▶ What is required
Only the lines from the start of the entries through the line with "Provide a short and direct response. 39. In" are wanted; please output them exactly.
━━ Data for analysis
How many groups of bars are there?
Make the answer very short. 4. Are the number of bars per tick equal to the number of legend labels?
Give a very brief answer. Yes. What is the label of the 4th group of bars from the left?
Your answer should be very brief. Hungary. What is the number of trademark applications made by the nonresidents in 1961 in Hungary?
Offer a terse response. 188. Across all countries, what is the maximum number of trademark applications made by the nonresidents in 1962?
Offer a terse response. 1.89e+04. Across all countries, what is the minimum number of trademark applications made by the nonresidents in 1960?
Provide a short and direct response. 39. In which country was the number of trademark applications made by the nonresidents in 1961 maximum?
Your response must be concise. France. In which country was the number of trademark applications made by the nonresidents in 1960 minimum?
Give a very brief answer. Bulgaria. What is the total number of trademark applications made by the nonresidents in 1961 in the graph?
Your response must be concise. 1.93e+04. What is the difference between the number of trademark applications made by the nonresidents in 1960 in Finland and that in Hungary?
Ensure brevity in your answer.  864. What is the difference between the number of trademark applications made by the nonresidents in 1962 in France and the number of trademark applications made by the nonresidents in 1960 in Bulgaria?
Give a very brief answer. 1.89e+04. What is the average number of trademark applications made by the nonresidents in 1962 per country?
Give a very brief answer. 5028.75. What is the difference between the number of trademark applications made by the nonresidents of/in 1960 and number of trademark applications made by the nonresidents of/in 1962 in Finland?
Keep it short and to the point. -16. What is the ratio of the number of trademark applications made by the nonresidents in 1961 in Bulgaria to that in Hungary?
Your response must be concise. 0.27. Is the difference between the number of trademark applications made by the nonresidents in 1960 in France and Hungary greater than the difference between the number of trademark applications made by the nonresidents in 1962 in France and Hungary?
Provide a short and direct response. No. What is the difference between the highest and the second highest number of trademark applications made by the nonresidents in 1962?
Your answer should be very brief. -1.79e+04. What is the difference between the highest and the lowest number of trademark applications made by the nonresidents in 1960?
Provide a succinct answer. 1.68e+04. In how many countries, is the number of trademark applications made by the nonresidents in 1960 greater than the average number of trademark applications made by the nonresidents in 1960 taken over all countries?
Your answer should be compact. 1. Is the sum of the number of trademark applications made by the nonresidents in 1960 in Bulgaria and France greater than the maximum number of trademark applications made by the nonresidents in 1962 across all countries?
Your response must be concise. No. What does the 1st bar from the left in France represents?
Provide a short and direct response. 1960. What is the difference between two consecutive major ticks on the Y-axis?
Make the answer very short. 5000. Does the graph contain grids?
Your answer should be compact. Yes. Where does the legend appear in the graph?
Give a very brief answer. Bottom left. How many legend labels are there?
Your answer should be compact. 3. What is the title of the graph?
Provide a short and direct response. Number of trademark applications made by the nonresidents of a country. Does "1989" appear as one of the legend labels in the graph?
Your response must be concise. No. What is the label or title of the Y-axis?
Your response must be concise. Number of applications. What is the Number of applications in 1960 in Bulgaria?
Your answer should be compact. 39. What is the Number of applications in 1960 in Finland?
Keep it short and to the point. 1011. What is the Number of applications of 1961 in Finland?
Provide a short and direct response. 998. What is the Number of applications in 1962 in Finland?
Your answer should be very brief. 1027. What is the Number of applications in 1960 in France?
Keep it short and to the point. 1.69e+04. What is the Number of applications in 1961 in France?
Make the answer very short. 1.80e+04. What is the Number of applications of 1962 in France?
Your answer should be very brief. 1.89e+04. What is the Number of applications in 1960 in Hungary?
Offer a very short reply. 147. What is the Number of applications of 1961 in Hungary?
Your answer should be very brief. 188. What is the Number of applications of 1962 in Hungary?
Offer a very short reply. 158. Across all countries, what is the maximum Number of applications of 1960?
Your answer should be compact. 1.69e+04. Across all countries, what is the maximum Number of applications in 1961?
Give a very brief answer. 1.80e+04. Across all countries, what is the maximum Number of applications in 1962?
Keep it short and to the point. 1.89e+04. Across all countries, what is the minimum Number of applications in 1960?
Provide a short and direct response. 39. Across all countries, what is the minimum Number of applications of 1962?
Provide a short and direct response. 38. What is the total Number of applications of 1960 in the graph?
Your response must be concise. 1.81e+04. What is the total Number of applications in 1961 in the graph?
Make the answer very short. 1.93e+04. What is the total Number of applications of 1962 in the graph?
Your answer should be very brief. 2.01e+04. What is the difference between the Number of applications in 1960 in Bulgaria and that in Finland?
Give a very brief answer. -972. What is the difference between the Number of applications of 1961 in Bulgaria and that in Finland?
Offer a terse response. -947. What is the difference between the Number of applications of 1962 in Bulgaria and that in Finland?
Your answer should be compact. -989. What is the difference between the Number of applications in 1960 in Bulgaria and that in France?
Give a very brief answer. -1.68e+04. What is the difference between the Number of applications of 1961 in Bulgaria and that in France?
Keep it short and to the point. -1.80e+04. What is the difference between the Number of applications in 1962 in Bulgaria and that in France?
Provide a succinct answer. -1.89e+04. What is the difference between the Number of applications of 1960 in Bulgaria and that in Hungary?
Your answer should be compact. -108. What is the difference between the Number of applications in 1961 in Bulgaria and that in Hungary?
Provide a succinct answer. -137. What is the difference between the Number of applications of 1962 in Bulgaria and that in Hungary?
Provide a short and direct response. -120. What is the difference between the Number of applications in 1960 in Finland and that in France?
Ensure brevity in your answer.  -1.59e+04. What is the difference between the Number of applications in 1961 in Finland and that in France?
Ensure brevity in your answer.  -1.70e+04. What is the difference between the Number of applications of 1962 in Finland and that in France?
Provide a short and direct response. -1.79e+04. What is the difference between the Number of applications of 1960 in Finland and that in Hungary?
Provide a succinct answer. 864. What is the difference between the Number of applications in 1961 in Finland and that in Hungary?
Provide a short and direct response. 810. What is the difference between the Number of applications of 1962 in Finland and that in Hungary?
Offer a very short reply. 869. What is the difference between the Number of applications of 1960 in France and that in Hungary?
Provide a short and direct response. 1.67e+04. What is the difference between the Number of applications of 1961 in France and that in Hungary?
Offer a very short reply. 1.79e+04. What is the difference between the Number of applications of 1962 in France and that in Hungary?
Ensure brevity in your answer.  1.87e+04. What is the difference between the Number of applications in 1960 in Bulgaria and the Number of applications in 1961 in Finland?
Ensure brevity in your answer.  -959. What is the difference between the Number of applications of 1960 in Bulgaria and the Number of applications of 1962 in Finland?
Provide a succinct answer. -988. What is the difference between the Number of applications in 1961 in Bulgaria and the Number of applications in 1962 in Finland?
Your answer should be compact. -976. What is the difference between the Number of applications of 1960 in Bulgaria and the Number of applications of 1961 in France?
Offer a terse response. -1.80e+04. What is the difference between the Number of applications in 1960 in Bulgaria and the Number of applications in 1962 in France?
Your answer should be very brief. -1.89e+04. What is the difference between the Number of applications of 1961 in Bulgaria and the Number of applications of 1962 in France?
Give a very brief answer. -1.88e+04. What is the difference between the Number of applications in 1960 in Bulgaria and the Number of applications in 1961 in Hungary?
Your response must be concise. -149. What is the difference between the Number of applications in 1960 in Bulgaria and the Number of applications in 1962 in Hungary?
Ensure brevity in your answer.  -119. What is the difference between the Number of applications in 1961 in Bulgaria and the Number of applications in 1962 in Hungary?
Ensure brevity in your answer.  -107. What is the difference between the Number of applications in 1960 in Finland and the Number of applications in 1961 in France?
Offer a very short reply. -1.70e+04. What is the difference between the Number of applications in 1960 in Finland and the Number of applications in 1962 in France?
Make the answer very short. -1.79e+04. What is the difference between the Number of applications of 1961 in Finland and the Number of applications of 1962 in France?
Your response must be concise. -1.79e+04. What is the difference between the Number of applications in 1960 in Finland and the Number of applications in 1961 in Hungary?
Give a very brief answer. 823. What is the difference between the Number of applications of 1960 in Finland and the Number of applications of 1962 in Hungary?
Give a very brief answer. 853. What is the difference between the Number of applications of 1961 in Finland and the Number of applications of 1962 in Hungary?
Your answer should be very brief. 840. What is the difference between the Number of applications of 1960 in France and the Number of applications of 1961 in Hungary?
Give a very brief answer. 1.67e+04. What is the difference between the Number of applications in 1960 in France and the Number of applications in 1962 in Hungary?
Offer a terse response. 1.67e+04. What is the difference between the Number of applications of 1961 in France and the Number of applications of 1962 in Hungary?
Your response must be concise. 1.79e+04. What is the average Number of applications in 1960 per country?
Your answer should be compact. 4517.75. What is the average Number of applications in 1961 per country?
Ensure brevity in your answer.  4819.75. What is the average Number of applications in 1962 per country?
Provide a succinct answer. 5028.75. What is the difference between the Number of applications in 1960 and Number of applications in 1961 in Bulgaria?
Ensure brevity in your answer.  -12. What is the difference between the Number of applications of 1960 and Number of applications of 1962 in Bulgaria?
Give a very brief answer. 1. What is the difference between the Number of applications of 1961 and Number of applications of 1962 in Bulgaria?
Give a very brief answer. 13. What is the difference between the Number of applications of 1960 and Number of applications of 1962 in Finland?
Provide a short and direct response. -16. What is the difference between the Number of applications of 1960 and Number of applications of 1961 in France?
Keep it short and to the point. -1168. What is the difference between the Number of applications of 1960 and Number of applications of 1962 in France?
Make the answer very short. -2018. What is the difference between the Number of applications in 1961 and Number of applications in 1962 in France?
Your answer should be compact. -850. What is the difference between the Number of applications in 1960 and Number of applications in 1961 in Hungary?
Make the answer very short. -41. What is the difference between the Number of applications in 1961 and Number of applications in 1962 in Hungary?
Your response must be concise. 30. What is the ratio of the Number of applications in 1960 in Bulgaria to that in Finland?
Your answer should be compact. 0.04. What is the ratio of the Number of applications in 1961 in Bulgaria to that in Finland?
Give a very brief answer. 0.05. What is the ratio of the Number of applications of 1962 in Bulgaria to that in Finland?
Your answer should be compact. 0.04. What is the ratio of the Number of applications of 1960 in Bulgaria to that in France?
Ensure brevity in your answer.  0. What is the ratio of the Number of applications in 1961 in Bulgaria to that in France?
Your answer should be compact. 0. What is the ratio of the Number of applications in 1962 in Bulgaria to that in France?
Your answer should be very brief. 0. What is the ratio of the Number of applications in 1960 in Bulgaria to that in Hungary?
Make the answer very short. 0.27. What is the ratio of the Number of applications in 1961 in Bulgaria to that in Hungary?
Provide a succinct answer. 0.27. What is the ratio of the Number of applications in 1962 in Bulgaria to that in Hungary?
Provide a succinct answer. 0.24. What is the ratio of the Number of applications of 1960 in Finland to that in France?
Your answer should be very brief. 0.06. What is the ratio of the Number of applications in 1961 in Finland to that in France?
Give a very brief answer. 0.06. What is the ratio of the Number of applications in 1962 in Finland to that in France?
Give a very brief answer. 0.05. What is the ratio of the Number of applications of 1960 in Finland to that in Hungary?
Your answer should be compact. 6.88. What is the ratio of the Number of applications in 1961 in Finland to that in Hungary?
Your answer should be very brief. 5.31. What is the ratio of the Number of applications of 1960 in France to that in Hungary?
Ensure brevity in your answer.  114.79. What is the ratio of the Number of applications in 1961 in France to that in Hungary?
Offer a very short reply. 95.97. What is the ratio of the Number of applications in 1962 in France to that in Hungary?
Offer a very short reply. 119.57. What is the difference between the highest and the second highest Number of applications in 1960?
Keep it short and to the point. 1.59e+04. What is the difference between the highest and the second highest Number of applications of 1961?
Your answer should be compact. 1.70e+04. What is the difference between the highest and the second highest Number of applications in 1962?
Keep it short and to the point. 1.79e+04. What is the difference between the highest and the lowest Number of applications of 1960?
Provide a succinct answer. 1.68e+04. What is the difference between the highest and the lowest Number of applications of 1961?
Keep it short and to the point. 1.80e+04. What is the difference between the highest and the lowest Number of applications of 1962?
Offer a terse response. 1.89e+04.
━━━━
▶ Answer area
How many groups of bars are there?
Make the answer very short. 4. Are the number of bars per tick equal to the number of legend labels?
Give a very brief answer. Yes. What is the label of the 4th group of bars from the left?
Your answer should be very brief. Hungary. What is the number of trademark applications made by the nonresidents in 1961 in Hungary?
Offer a terse response. 188. Across all countries, what is the maximum number of trademark applications made by the nonresidents in 1962?
Offer a terse response. 1.89e+04. Across all countries, what is the minimum number of trademark applications made by the nonresidents in 1960?
Provide a short and direct response. 39. In which country was the number of trademark applications made by the nonresidents in 1961 maximum?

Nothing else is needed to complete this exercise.